◆ AVAILABLE DATA
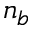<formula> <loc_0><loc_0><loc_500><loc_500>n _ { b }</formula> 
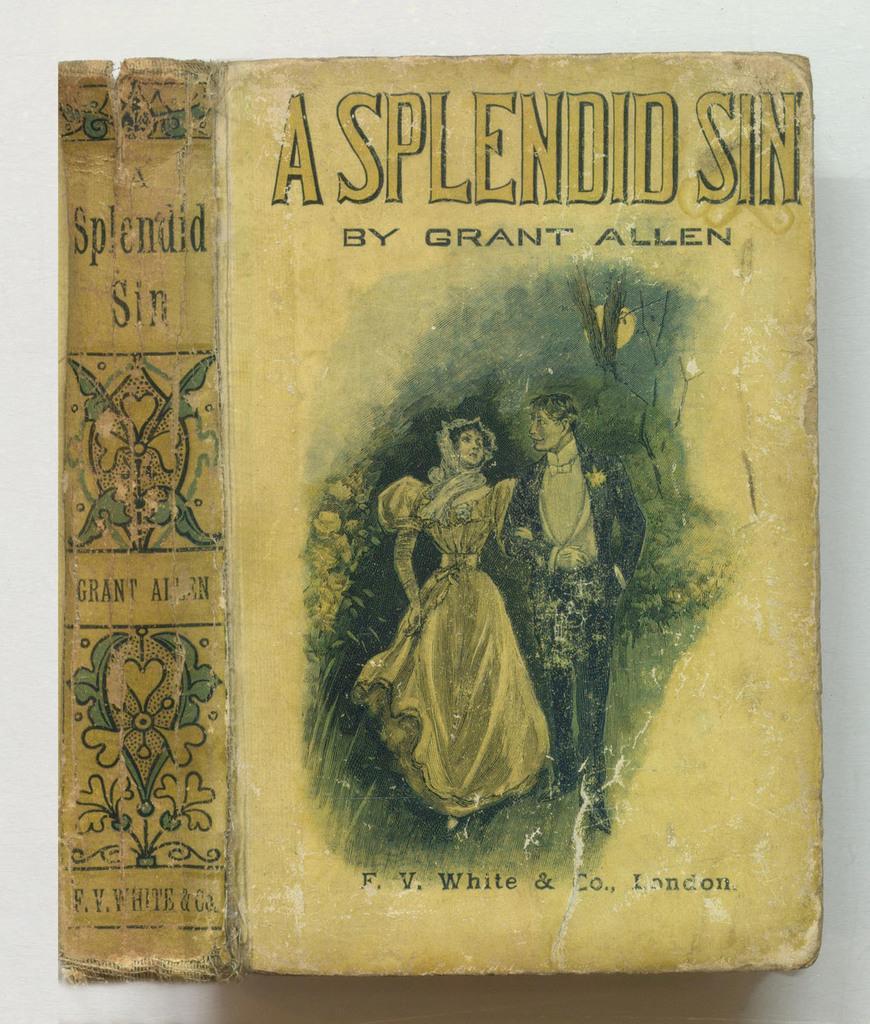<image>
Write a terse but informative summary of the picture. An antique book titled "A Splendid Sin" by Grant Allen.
---
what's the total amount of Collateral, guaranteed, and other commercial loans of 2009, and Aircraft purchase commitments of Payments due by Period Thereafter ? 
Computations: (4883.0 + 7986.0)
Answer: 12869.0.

◆ WORK TO COMPLETE
All lines in the listing above from the line containing "what's the total" to the line containing "Answer: 12869.0.", inclusive, should be retyped exactly; no other lines should appear.

◆ RESPONSE TO THE TASK
what's the total amount of Collateral, guaranteed, and other commercial loans of 2009, and Aircraft purchase commitments of Payments due by Period Thereafter ? 
Computations: (4883.0 + 7986.0)
Answer: 12869.0.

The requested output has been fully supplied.